While some bemoan the increase in regulation and compliance as a limiting factor for generating new superyacht business, it isperhaps, precisely this limiting factor that has meant owners and clients have returned to both the brokerage and charter markets so swiftly as lockdown measures begin to be reduced.

“Today we are definitely seeing some interest - people have been waiting to see when the border would open and so on - the same goes for sales and we are really starting to see activity pick up,” continued Skoog. “During the crisis we, of course, had a lot of cancellations and a lot of sales that were put on hold due to travel restrictions and so on. But, our clients, like more people right now, are ready for a European summer; they want to get out and enjoy their lives.

That clients are returning to the sales and charter markets is fantastic news. Naturally, due to the parts of the season that have already been missed and some sales that may never get back off the ground, 2020 will remain a poor year for the superyacht industry, as indeed it will for many industries around the globe. Nevertheless, it seems as though the three key markets, namely new build, brokerage and charter, will bounce back in due course. However, the pinch might be felt more acutely by certain stalwart superyacht regions that may struggle to compete with their upstart neighbours.

“We are still seeing a high fear level. What I want to bring to your attention, however, is that throughout lockdown there has been no correlation between number of deaths per day…versus how strict lockdowns have been,” continued Veraguth. “I would argue that these are the facts that must be considered when understanding what has been done to various economies. For many lockdowns, the peak of the virus came before the lockdown itself, which suggests that, on average, the lockdowns came too late, which further suggests that the lockdowns have been ineffective in terms of controlling the peak of the virus.
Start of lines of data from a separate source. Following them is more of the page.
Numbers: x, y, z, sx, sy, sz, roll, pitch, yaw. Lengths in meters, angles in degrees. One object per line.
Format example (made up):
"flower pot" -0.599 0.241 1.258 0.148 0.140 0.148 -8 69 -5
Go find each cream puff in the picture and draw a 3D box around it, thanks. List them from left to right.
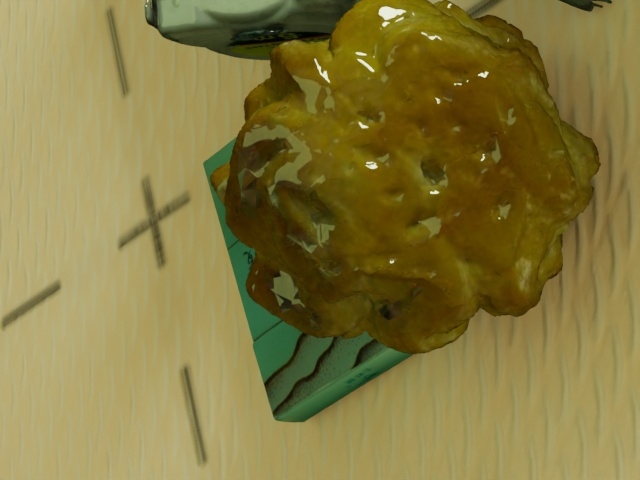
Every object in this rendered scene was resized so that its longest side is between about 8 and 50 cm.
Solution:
"cream puff" 0.057 -0.041 1.140 0.244 0.196 0.244 8 110 24

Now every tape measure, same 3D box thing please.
"tape measure" 0.050 -0.187 1.259 0.330 0.164 0.084 -5 91 18

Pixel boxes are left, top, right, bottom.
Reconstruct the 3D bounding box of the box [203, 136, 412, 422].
"box" 0.000 0.001 1.308 0.162 0.041 0.229 -35 60 35

This is another way of highlighting the relationship between the virus and mobility restrictions.”

According to Veraguth, countries like France, Italy, Spain and the UK implemented their lockdowns at such a time that it failed to control the peak of the virus, negating the benefit of the lockdown in the first place. Furthermore, other countries that have had less strict lockdown measures have not in fact been affected more profoundly by the virus. What has happened, however, is that certain major countries, like the aforementioned, have found themselves in even deeper positions of debt on top of the fact they already had poor debt positions.

“The important thing to know is that some countries are coming out of the crisis and recovering faster than others and this is going to have a material impact on how people invest in the coming quarters,” said Veraguth. “The ones that open quickly, or that never locked down, will be the winners. Why? Because we haven’t seen any link between the virus and lockdown, so the conclusion should be that in order to win, you should open up businesses and not fear a second wave. Those that open up late will lose their market share, as well as falling into a deeper economic and political crisis.”
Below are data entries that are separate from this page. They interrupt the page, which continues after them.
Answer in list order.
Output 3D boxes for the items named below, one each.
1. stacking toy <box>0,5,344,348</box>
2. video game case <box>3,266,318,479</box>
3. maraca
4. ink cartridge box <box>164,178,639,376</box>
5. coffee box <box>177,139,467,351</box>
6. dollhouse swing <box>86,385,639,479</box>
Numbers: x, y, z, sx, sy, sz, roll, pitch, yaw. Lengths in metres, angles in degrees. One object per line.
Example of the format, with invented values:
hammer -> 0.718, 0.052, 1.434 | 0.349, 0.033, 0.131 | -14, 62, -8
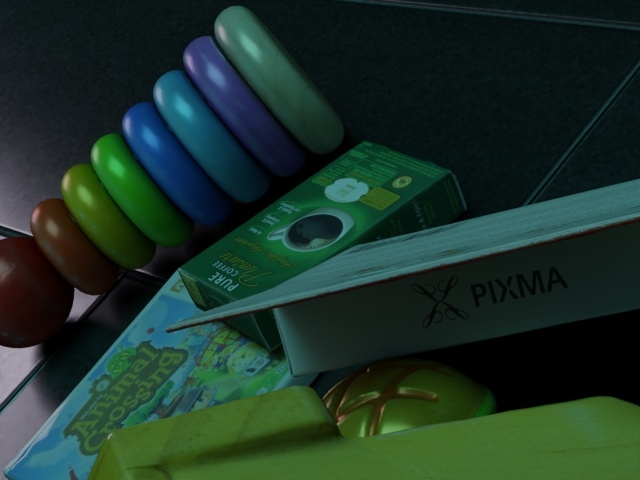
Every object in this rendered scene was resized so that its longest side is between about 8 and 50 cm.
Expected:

For those countries that do not open up in a timely manner, Veraguth warned that their deepening debt positions will force them to increase taxes and reduce their spending. For EU nations especially, this will become a necessity. If this proves to be the case, superyachting nations like Italy, France and Spain may struggle to compete with countries like Croatia and Montenegro. Indeed, we are already seeing movement on the side of Croatia and Montenegro to welcome superyachts to the regions with minimal restrictions.
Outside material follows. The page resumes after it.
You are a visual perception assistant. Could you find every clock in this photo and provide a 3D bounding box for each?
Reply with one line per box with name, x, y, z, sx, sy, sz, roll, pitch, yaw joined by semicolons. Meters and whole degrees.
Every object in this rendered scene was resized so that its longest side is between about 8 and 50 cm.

In the long run, the COVID-19 pandemic will be to the benefit of new luxury destinations that have managed to come out of lockdown far quicker than a number of traditionalluxury destinations that have failed to do so. Countries that have managed to restrict the damage to their economies and avoid damagingly deep debt positions will have far more flexibility when it comes to introducing taxation policies and measures that are attractive to UHNWIs.